第24話 それぞれの日常


 それから数日。


 悩みの種になりそうだった人員削減は、思ったより早く目処がたった。


 応援スタッフ二名が企画部と管理課に異動を希望し、妊娠がわかって退職を申し出たスタッフが一人、三人とも希望が叶って楽しそうにその日を待っている。


 あと一人……異動の希望は聞いているけれど、どうしても引き止めたい私は頭を悩ませながら、今日まで答えを引き延ばしてきた。


「橋本さん、データの確認お願いします。
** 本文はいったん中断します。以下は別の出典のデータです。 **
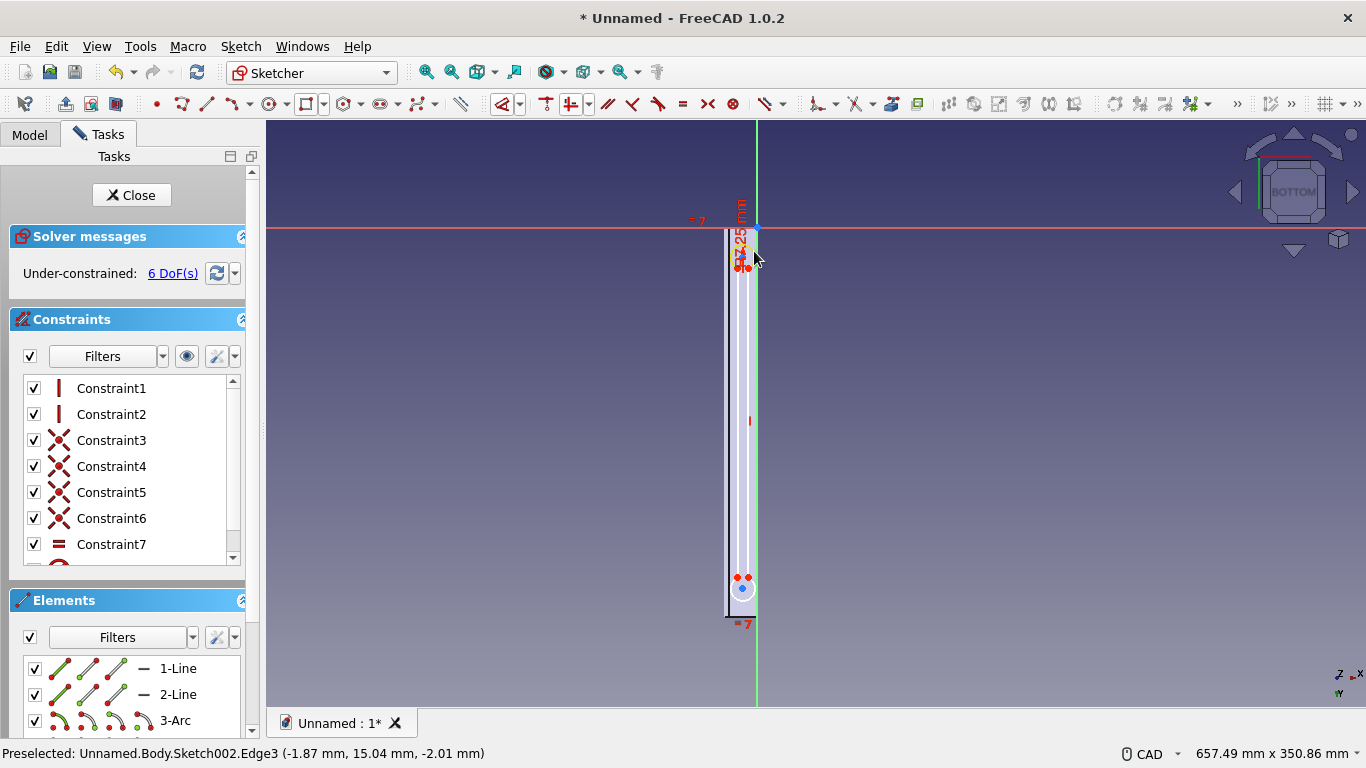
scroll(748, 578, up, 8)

良ければ企画課に送信も」

「了解しました」

「遥さん、二宮さんの研修ですがスケジュール空けたので佐伯さんも一緒にお願いします」

「はい、わかりました」


 やっぱり、いてもらわないと困る……モニターを見つめ、テキパキと業務を割り振ってくれる環ちゃんを見て思う。


 私の時のようにキャリア研修があればよかった、それなら橋本君と環ちゃんを出して戻ってくるまで私が留守番していればいい……でも人手不足を理由にキャリア研修はなくなってしまった。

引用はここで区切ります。